What is this? This is an open data science contest. The goal is to learn through collaboration. Anyone is welcome to participate, and there are many different ways to do so.
What will we be doing? The ultimate goal is to predict the scores given to products by reviewers on amazon based on the text of the reviews.
How can I participate? Anyone can contribute, and this includes improving the algorithm, adding in visalizations, commenting on code, refactoring, starting discussions, and other helpful things you think of. To get started, just fork the repo and open a pull request. All code is written in python 2.7.
How will we be scored? Everyone will accumulate points based on their contributions. You can find the point leaderboard here. Points are assigned based on a few criteria, including opening a pull request (PR), having a PR merged, and having a lower error rate than anyone else. The contest will run until July 31st. The total prize pool for the top 3 finishers is 400 dollars.
We'll be predicting the score (0-5) given to a product by an amazon reviewer based on the text and summary of the review. The data is originally from the Stanford Large Network Dataset Collection.
We'll be using root mean squared error as the evaluation metric. The algorithm performance will be evaluated by a continuous integration server using a hidden test set. Whenever you open a pull request, the server will check your code.
Why make this
This is an experiment to see if we can help people learn and improve their practical data science skills through open contests.
How to get started
Getting started is a pretty simple process. Before you get started, you should have python 2.7 installed. Using a virtualenv is optional but recommended.
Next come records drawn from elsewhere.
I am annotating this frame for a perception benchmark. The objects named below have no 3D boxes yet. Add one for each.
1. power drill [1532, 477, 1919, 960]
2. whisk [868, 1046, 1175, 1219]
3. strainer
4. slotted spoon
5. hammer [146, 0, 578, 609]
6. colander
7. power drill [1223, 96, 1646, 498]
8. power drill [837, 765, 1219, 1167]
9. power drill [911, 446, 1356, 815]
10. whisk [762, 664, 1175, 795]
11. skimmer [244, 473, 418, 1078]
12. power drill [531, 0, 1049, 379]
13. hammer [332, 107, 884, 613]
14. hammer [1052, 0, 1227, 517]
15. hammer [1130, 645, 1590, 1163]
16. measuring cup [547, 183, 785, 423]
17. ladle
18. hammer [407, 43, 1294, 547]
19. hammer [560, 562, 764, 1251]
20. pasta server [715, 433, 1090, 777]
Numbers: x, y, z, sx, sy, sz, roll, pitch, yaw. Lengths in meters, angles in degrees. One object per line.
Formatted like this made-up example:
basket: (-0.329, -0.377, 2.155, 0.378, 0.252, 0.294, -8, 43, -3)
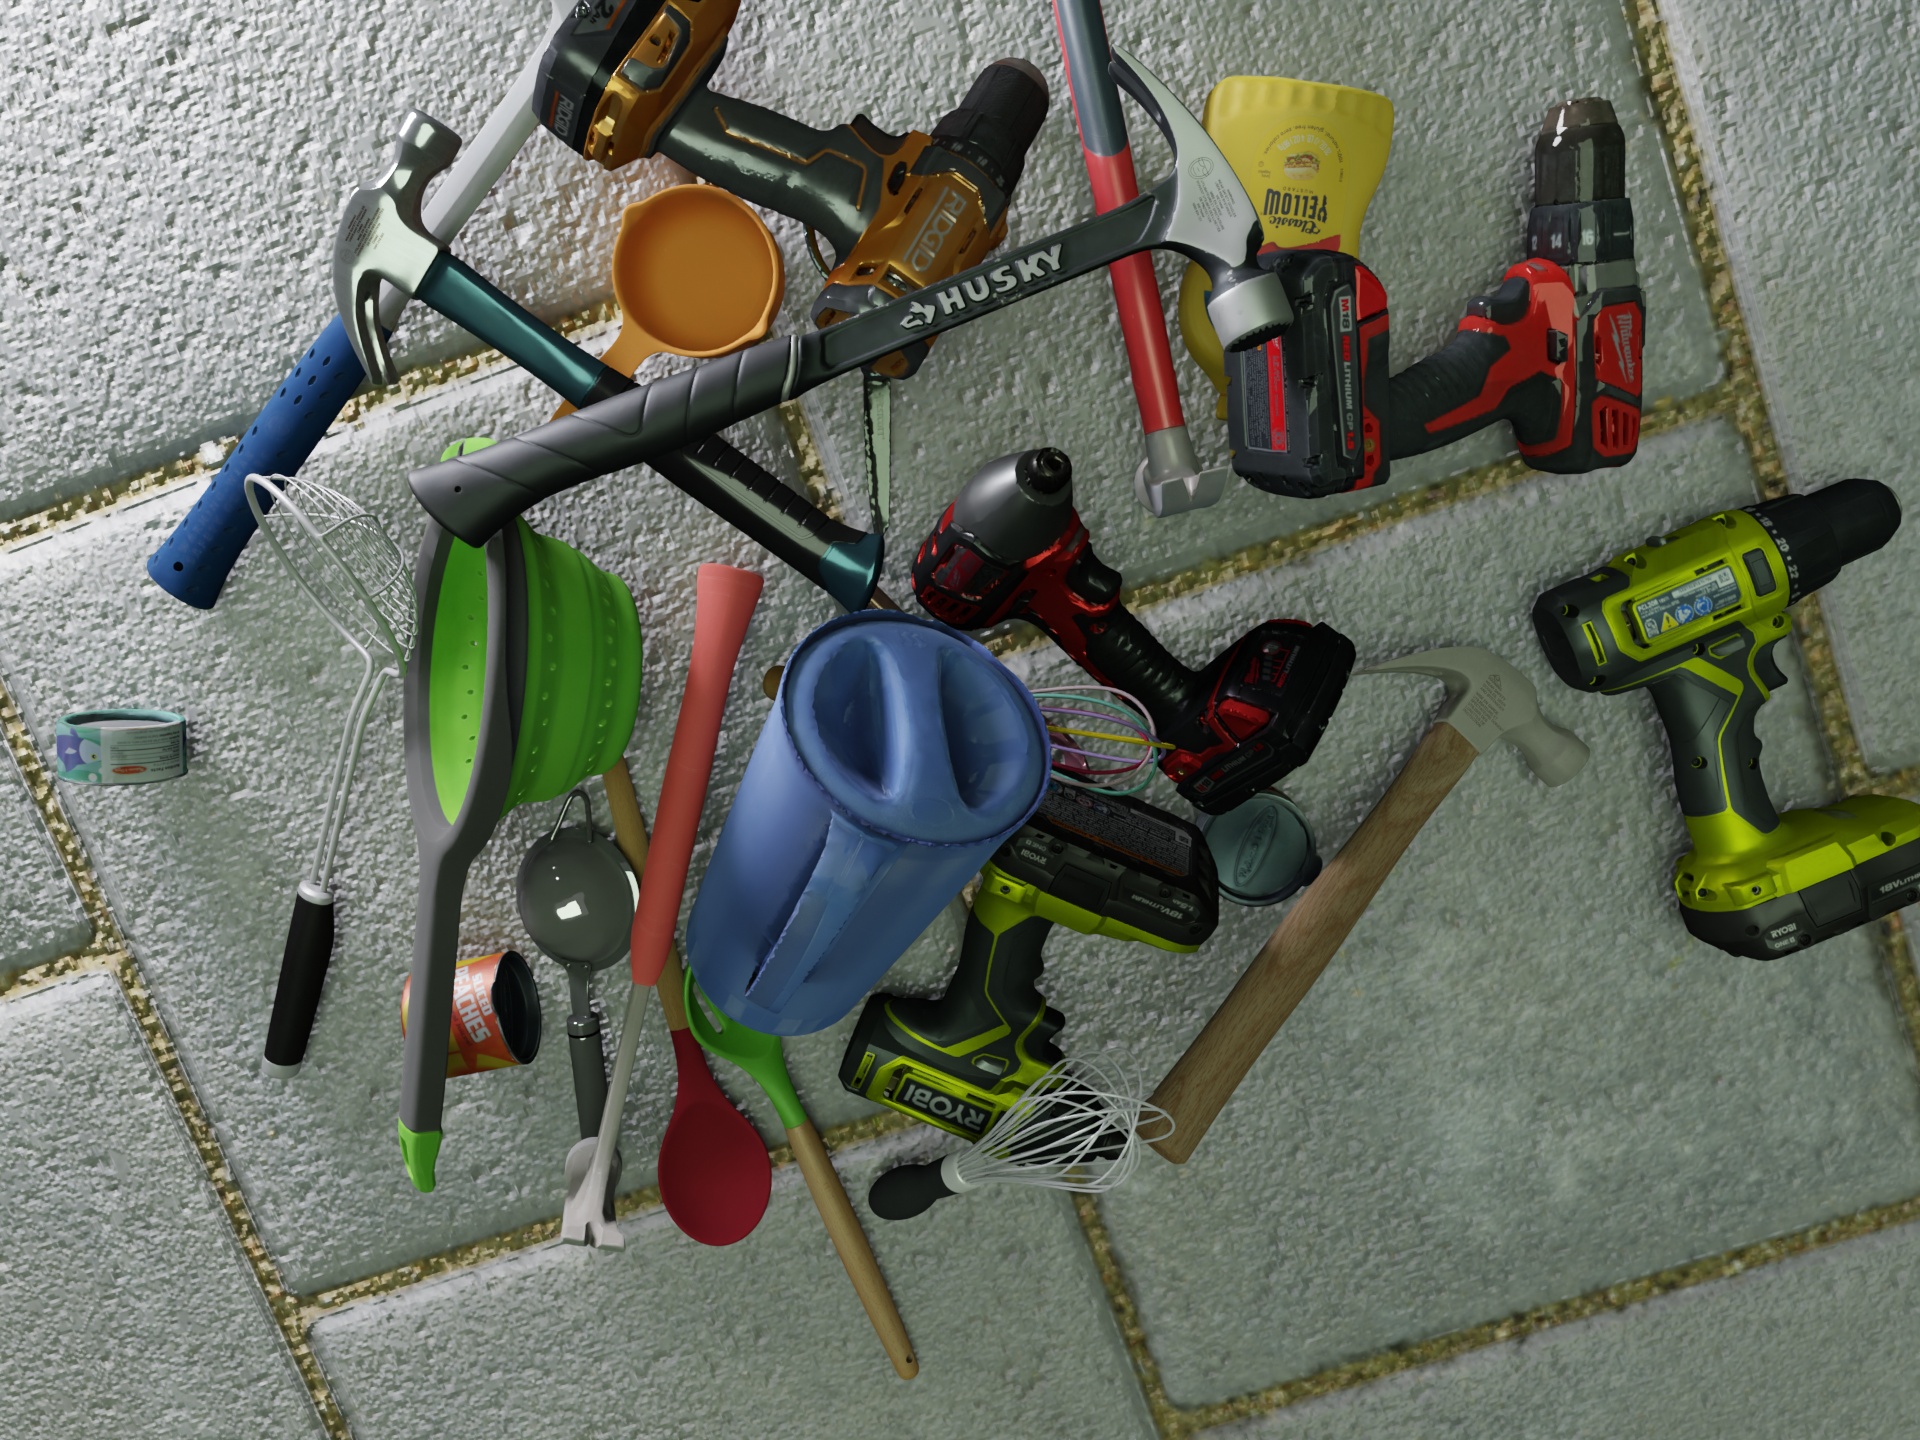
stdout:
power drill: (0.441, -0.005, 0.862, 0.190, 0.080, 0.228, -23, 96, 3)
whisk: (0.019, 0.235, 0.852, 0.070, 0.070, 0.284, 42, 142, -6)
strainer: (-0.222, 0.171, 0.931, 0.087, 0.050, 0.258, 2, 105, 22)
slotted spoon: (-0.090, 0.261, 0.944, 0.031, 0.070, 0.313, -8, 109, 48)
hammer: (-0.318, -0.233, 0.866, 0.144, 0.035, 0.405, 39, 99, -5)
colander: (-0.238, 0.054, 0.853, 0.094, 0.205, 0.397, 4, 95, -30)
power drill: (0.248, -0.208, 0.800, 0.226, 0.080, 0.187, -12, 106, -20)
power drill: (0.048, 0.147, 0.882, 0.171, 0.080, 0.223, 23, 117, -3)
power drill: (0.087, -0.054, 0.833, 0.219, 0.143, 0.079, 34, 60, -5)
whisk: (0.000, -0.002, 0.852, 0.245, 0.047, 0.051, 10, 120, 28)
skimmer: (-0.373, 0.044, 0.880, 0.127, 0.090, 0.363, 30, 110, 36)
power drill: (-0.072, -0.305, 0.796, 0.226, 0.084, 0.185, 33, 74, -13)
hammer: (-0.177, -0.164, 0.824, 0.331, 0.033, 0.128, 35, 102, -4)
hammer: (0.074, -0.294, 0.800, 0.038, 0.143, 0.386, -12, 95, 4)
hammer: (0.200, 0.092, 0.847, 0.130, 0.031, 0.331, 42, 75, -6)
measuring cup: (-0.165, -0.207, 0.858, 0.095, 0.052, 0.173, 42, 100, -5)
ladle: (-0.172, 0.156, 0.934, 0.069, 0.031, 0.315, -12, 97, 3)
hammer: (-0.062, -0.176, 0.737, 0.409, 0.036, 0.149, -21, 88, 1)
hammer: (-0.159, 0.091, 0.850, 0.036, 0.149, 0.359, 13, 84, -13)
pasta server: (-0.046, -0.060, 0.887, 0.316, 0.040, 0.060, 44, 112, -4)

- Fork this repo to your github account.
- Clone your fork locally (
git clone email@example.com:YOUR_USERNAME/unite.git)
- Get into the unite folder (
- Install the python requirements (
pip install -r requirements.txt)
- Run the tests on the validation set (
python test.py data/train.txt data/valid.txt)
- This will train the current algorithm using the training set, and then make predictions on the validation set.
- It will also run pep8 to check code quality.
- Add your contributions! Make the code better.
- When you're ready, and the tests pass, make a PR from your fork to the main repo.
- If your code takes more than 15 minutes to run, it will result in an error when the server runs it.
- The maximum available memory for your code is 4 gigs.
- Your PR will automatically get picked up by the server, and your code will be run. After it is finished running, the status of the PR will be updated, reflecting whether or not the code passed.
Right now, you get:
- 2 points for opening a PR.
- 10 points if your error is lower than the global minimum (across all open, unmerged, and merged PRs)
- Note: You have to open a PR to get this -- just working on a fork isn't enough.
- This also applies to pushes to existing PRs.
- 4 points for getting a PR merged.
Opening too many PRs or pushing without meaningful contributions can result in disqualification.
data-- this folder contains the raw training and validation data.
train.txt-- raw training data.
valid.txt-- raw validation data.
algo.py-- this contains the main algorithm class that is used to train and evaluate.
- The algorithm doesn't have to be restricted to this file -- feel free to make other files and import from them.
settings.py-- this contains various settings that can be called from other modules.
split_data.py-- this file documents how the data was originally split up and anonymized.
- Don't edit this file.
test.py-- this file allows you to test the error rate of your approach, and is used to evaluate your submission.
- Don't edit this file -- it's used to compute error.
We'll be merging pull requests on a "first reasonable pull request will be merged" basis. This will probably lead to cases where later PRs can't be merged due to conflicts. If this happens, you can update your PR after rebasing onto master.
If you want to work on a unique approach on your own unmergeable fork, you can feel free to do that and open a PR -- this will enable you to get the 10 points for lowest error, but will prevent you from getting any merge points.
This is an experiment and will likely evolve a lot over time. If you have any questions or suggestions, please open an issue. You can also think of the issues as a discussion board to talk about new approaches.